The three earlier randomized studies (9-11) reported that the overall costs and hospital charges were significantly higher in the VATS group than in the fibrinolysis group. Regarding post-treatment complications, St Peter reported that two patients in the VATS group required ventilator support after therapy, and one of them continued to have progressive sepsis resulting in transient renal failure requiring temporary dialysis. In the same study, none of the patients in the fibrinolysis group showed clinical deteriorations after starting therapy, and none of the patients in either group were readmitted after discharge for ongoing or recurrent pulmonary disease. Sonnappa reported that four patients developed lung abscess (three in the VATS group), two developed hemolytic uremic syndrome (both in the VATS group), and one developed acute glomerulonephritis (urokinase group). Marhuenda reported two major treatment-related complications: severe bronchospasm requiring tracheal intubation in the urokinase group and bronchopleural fistula in the VATS group. There were no significant differences in the incidence of post-treatment complications, but we consider that more severe complications are likely to occur in the VATS group, whose procedure mechanically damage the lung and pleura.
Marhuenda’s study is particularly important, being the first randomized, multicenter clinical trial to compare drainage plus urokinase with VATS for the treatment of parapneumonic empyema in children. However, this study has some limitations that need to be discussed. First, it was conducted without initially calculating the required sample size because of the unfeasibly large number of patients that would have been needed to perform an equivalence study. Second, because the diagnostic sonographic images did not undergo centralized review, it is possible that some variability exists between the sonographic readers in the different centers.
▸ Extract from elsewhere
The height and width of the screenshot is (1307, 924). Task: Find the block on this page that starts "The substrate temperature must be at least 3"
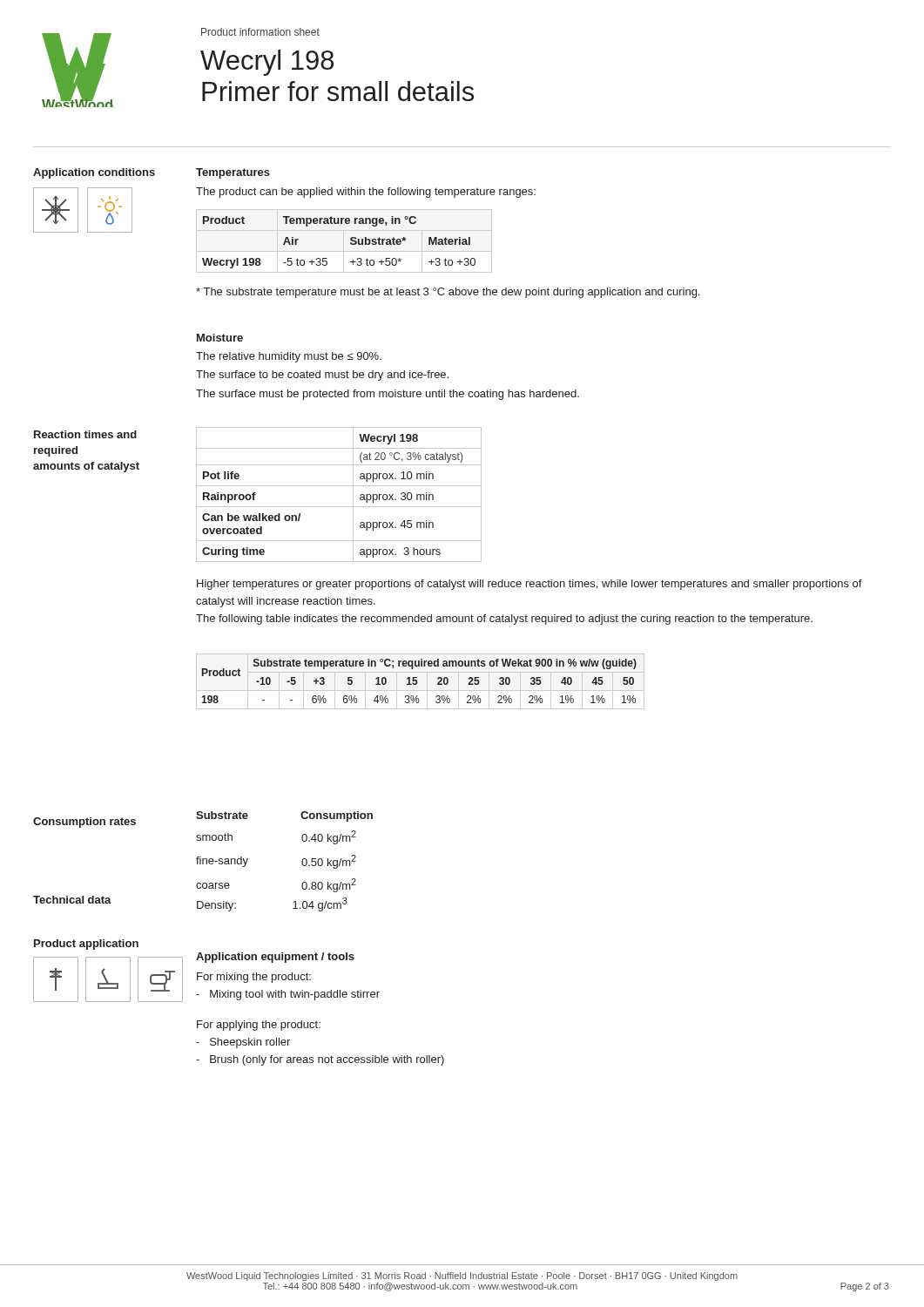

Our conclusions are based on the results of four randomized trials, which had some methodological limitations and involved relatively small numbers of patients. It is apparent from these studies that VATS is not more effective than fibrinolytic treatment. The similar success rates of thoracoscopic drainage and enzymatic debridement, together with the lower cost and reduced invasiveness of fibrinolytic treatment, suggest that intrapleural fibrinolytic treatment is an effective and safe alternative to surgical treatment of complicated empyema. The results of the clinical trials of primary fibrinolytic therapy in children with empyema showed that most patients were successfully treated without requiring surgical treatment (7).
Surgical therapy should be reserved for patients who fail to respond to chemical/enzymatic debridement. Therefore, it is important to identify risk factors associated with patient who fail fibrinolytic therapy and who may benefit from primary mechanical debridement. Additional randomized controlled trials with relevant inclusion/exclusion criteria and adequate sample sizes are needed to determine the optimal therapy for parapneumonic-complicated empyema in children. These studies should include the extensive informations about re-intervention cases with this condition.
Conflicts of Interest: The authors have no conflicts of interest to declare.